■ **Your assignment**: How many lines below hold "opslag"? Answer with only the number.

(Collected data)
^^^^^^^^

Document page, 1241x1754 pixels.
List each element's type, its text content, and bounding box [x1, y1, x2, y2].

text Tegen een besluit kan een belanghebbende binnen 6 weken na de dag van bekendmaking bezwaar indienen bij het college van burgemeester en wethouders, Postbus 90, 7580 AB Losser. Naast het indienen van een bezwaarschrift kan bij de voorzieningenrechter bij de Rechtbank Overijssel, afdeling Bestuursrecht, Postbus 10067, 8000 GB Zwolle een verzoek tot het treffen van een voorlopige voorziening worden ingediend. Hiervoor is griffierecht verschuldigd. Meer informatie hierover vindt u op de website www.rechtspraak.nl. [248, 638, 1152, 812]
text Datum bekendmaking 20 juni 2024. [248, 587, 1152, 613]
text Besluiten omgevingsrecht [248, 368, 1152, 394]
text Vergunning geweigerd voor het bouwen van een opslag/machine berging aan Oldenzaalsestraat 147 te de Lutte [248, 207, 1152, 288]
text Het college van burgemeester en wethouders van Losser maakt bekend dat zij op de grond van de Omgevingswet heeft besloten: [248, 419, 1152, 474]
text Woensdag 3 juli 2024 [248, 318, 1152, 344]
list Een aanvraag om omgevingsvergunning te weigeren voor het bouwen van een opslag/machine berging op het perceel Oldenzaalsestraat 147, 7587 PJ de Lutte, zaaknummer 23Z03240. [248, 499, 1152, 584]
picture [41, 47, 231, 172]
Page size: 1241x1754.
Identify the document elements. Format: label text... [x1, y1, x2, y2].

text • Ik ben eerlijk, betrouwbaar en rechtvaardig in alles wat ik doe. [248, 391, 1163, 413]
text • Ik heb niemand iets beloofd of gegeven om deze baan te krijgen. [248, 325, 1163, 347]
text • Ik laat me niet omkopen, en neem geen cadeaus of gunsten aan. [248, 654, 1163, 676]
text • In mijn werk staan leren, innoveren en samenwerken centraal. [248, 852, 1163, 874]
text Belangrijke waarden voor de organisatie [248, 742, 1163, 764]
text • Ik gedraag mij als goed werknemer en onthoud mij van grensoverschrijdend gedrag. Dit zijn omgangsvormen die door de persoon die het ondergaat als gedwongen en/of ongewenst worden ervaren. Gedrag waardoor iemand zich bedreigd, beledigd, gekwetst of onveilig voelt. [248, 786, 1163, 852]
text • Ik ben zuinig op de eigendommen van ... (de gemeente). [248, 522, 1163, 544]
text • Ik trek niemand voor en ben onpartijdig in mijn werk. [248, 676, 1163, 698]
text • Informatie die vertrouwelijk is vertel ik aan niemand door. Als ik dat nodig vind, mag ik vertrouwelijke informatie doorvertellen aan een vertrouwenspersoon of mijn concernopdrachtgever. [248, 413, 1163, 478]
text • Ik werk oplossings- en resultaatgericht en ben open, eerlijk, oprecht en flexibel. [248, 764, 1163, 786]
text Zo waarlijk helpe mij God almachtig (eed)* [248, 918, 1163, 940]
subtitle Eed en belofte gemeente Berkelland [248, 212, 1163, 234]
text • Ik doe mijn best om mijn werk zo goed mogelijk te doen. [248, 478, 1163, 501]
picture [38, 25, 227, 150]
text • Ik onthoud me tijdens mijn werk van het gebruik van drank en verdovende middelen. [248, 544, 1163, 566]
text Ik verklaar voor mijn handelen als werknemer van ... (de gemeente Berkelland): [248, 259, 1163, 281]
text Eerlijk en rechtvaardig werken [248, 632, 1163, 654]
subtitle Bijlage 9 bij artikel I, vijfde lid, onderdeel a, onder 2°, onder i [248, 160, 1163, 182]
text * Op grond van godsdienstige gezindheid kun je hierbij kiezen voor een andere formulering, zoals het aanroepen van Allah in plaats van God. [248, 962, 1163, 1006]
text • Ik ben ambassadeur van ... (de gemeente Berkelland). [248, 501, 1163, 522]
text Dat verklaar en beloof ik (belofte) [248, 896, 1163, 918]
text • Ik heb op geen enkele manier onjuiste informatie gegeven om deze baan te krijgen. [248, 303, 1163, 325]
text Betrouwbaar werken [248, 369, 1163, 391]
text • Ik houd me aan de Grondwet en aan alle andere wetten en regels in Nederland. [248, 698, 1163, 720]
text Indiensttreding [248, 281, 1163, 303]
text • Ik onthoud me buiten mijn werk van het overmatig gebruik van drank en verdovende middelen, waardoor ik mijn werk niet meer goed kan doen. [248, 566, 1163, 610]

^^^^^^^^

■ **Result of the task**: 2